This method should return an array that looks like...

[ 6
, -3
, 3
, 3 ]

5. Pick only the best pairs

We need to then store the index with the score so that we can sort on score without losing the index. Sort the cumulative scores in order we create a list of the indices indices... 

# Sort pairs by score retaining the index to the pair
arr = sorted([(i, cumulative[i]) 
    for i in range(0, len(cumulative))], 
    key=lambda item: item[1])

It looks like...

[ (1, -3)
, (2, 3)
, (3, 3)
, (0, 6) ]

Pick the top scoring items deleting the excluded items as we go, this way we retain the best pairs and discard the worst...

def get_best_pairs(a, b):
    pairs = get_pairs(a, b)
    excludes = get_pairs_excluded_by_pairs(pairs)
    scores = get_pairs_scores(pairs, a)
    cumulative = get_cumulative_scores_for_pairs(pairs, excludes, scores)

    # Sort pairs by score retaining the index to the pair
    arr = sorted([(i, cumulative[i]) 
        for i in range(0, len(cumulative))], 
        key=lambda item: item[1])

    # Work through in order of scores to find the best pair combination
    top = []
    while len(arr):
        topitem = arr.pop()
        top.append(topitem[0])

        # Remove the indices that are excluded by this one
        arr = [(i, score) 
            for i, score in arr 
                if i not in excludes[topitem[0]]]

    # Sort the resulting pairs by index
    return sorted([pairs[i] for i in top], key=lambda item: item[0])

Our top list would look like, where the pair with the index 1 has been dropped because it was low scoring and excluded by higher scoring pairs...

[ (0, 0)
, (1, 2)
, (2, 3) ]

6. Build the result

Sort the selected pairs and build the result by incrementing each index to the next pair. When we run out of pairs increment until we reach the end of each list...

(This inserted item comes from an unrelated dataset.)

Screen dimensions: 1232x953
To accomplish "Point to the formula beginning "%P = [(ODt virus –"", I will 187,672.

def get_indexes_for_best_pairing(a, b):
    pairs = get_best_pairs(a, b)
    result = [];
    i = 0
    j = 0
    next = None
    pair = None
    while True:

        # This is the first loop or we just dropped a pair into the result
        # vector so we need to get the next one
        if next == None:

            # Get the next pair and we will increment the index up to this
            if len(pairs):
                next = pairs.pop(0)
                pair = next

            # No more pairs increment the index to the end of both lists
            else:
                next = (len(a), len(b))
                pair = None

        # We increment the index of the first list first
        if i < next[0]:
            result.append((i, None))
            i += 1

        # We increment the index of the second list when first has reached
        # the next pair
        elif j < next[1]:
            result.append((None, j))
            j += 1

        # If both indexes are fully incremented up to the next pair and we
        # have a pair to add we add it to the result and increment both
        # clearing the next parameter so we get a new one next time around
        elif pair != None:
            result.append((pair[0], pair[1]));
            i += 1
            j += 1
            next = None

        # We reached the end
        else:
            break
    return result

And finally our result would look like...

[ (0, 0)
, (None, 1)
, (1, 2)
, (2, 3)
, (3, None) ]